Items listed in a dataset
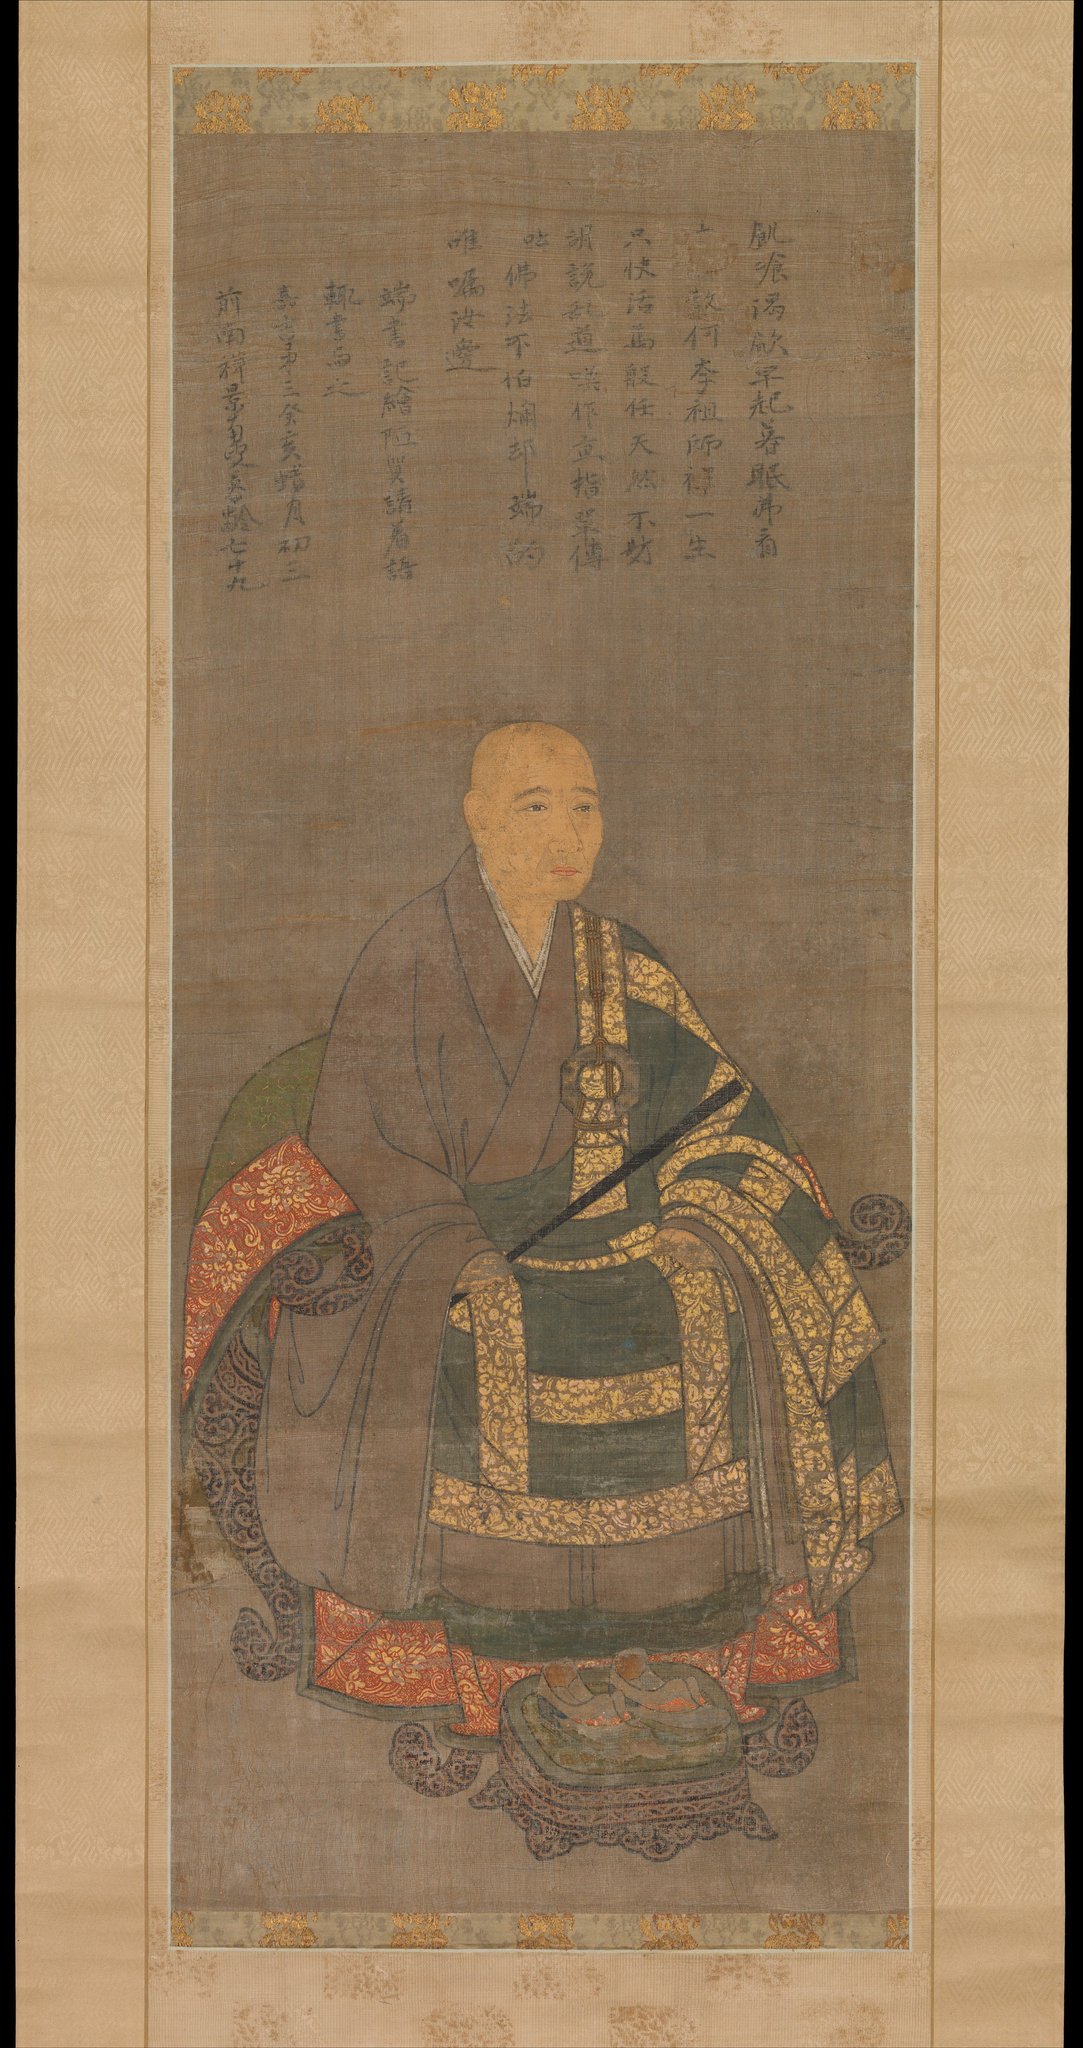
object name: hanging scroll
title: Portrait of Keinan Eibun
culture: japanese
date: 1449
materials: gold, ink, silk
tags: men,portraits
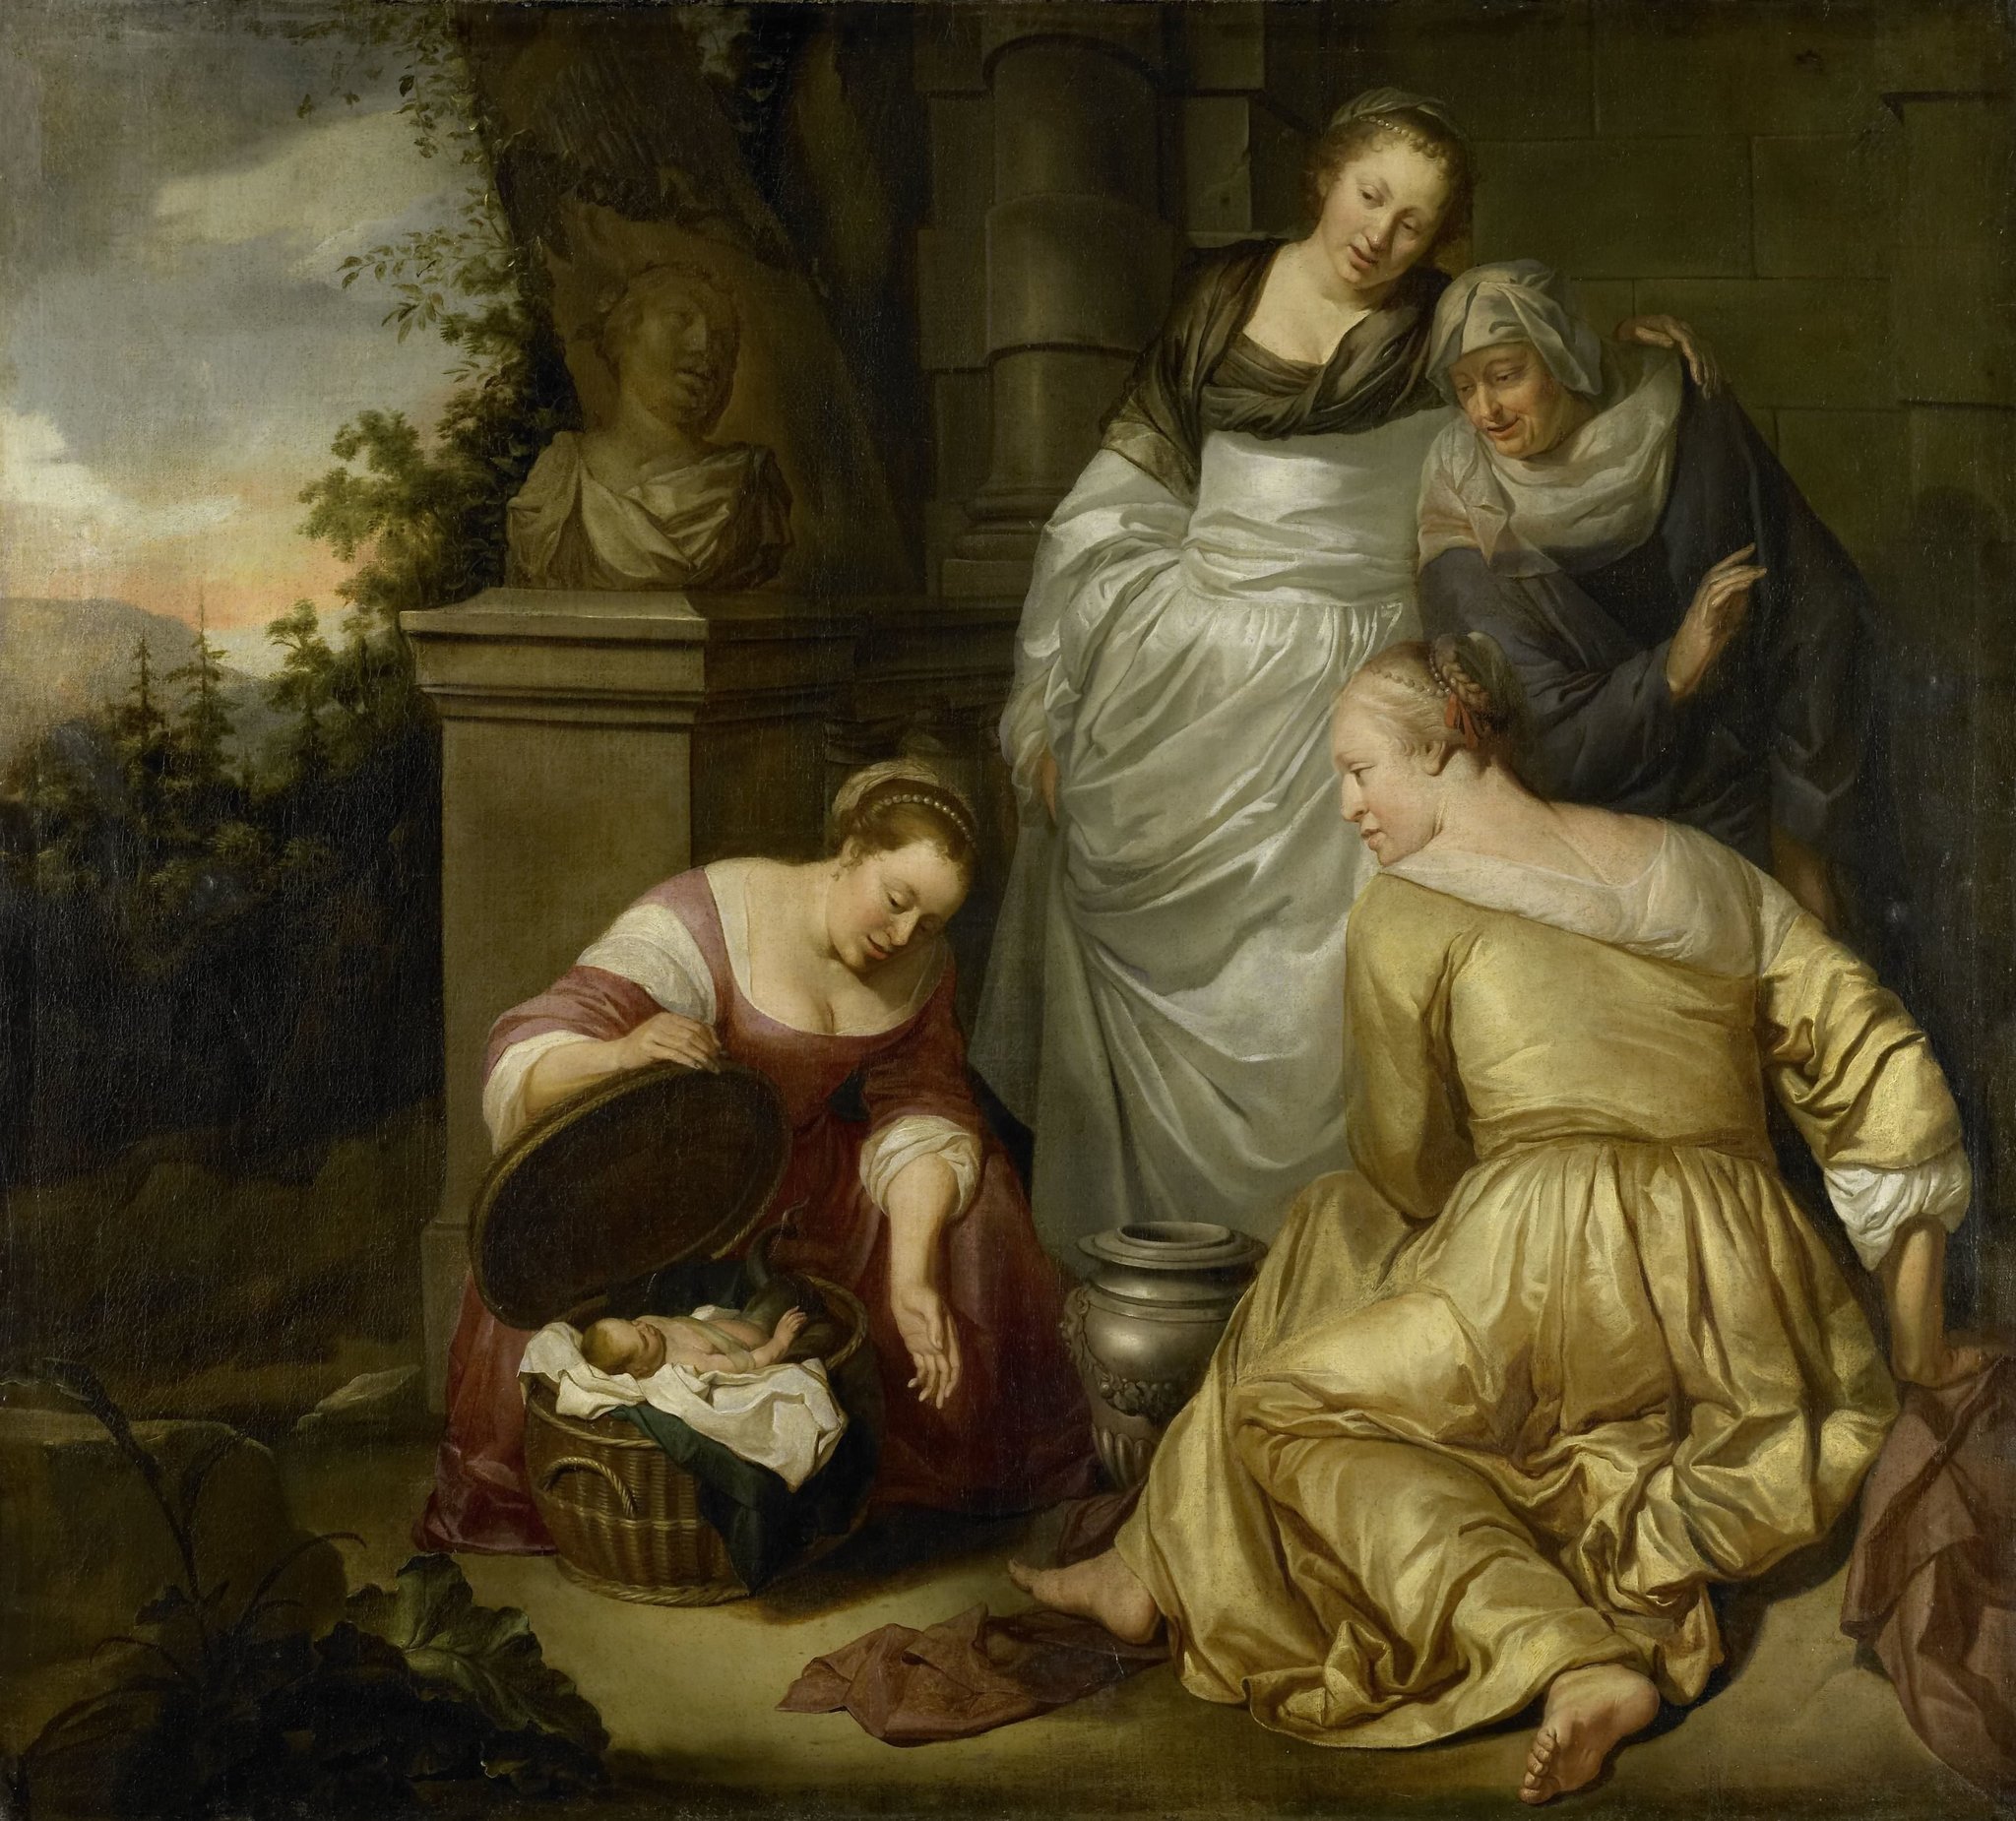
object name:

• **Brief**: Output each entry verbatim; none of the pictures should be included.

• **Written solution**:
object name: hanging scroll
title: Portrait of Keinan Eibun
culture: japanese
date: 1449
materials: gold, ink, silk
tags: men,portraits
object name:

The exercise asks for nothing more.